Interview: Die KEBÖ im Jahr 2023
In der Konferenz der Erwachsenenbildung Österreichs (KEBÖ) versammeln sich die gesetzlich anerkannten Verbände der Erwachsenenbildung, beraten über Herausforderungen, entwickeln Bildungs-Initiativen und treten in wichtigen bildungspolitischen Fragen gemeinsam auf. Wir haben den KEBÖ-Vorsitzenden Georg Primas vom Ring Österreichischer Bildungswerke zum Interview über die brennenden Fragen und Vorhaben im heurigen Jahr gebeten.
Arbeitskräftemangel, Klimakrise und digitaler Wandel: Welche Aufgaben ergeben sich für die KEBÖ daraus?
Die genannten Herausforderungen begegnen uns derzeit täglich in den Medien. Auch die Nachwirkungen der Pandemie, der Krieg und die massive Teuerung verschärfen die allgemeine Lage.
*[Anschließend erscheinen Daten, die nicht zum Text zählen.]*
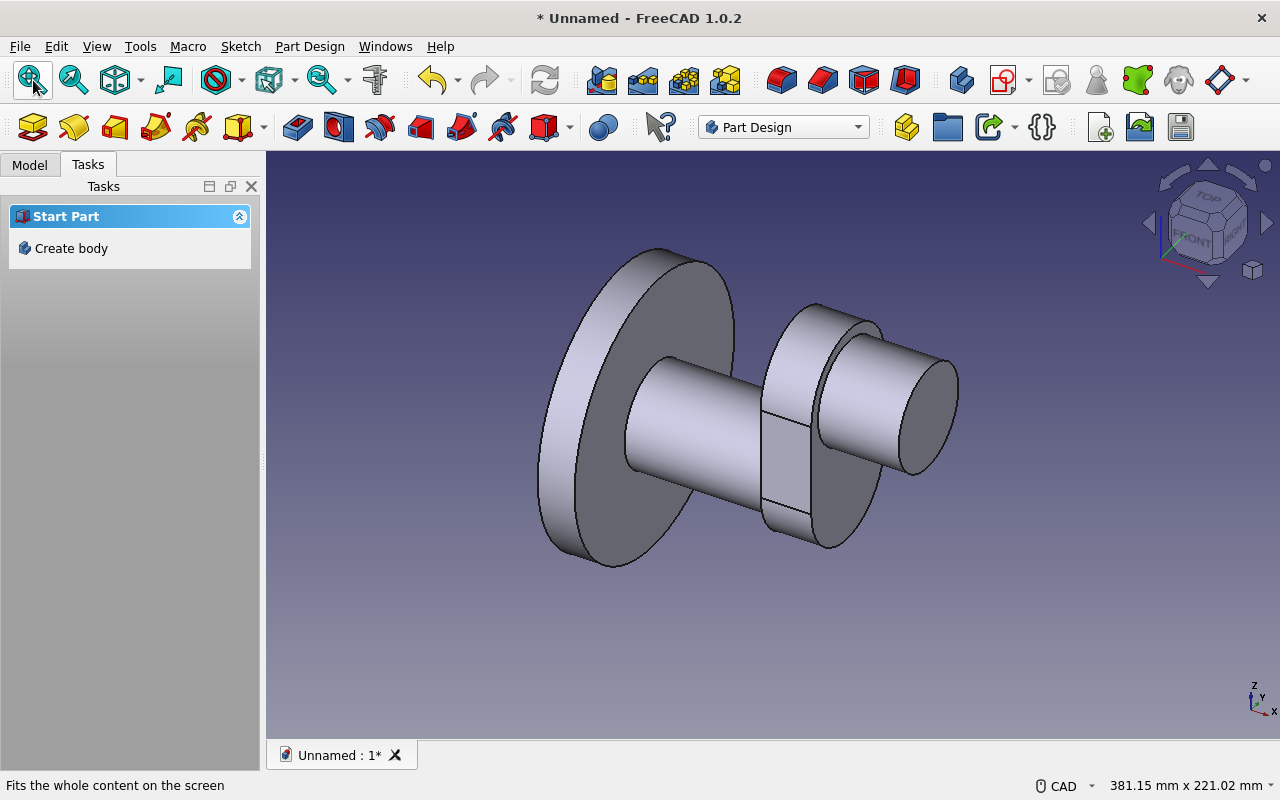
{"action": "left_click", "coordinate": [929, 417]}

Die Mitgliedsverbände der KEBÖ arbeiten verstärkt daran, einen Beitrag zur Lösung oder Milderung daraus resultierender Probleme zu leisten. In der KEBÖ beschäftigen wir uns generell damit, welche Kompetenzen wir brauchen, um für künftige Herausforderungen gewappnet zu sein, und wie sich diese Kompetenzen in der Erwachsenenbildung vermitteln lassen. Neben fachlichen Aspekten geht es dabei verstärkt auch um Resilienz und gesellschaftliche Teilhabe.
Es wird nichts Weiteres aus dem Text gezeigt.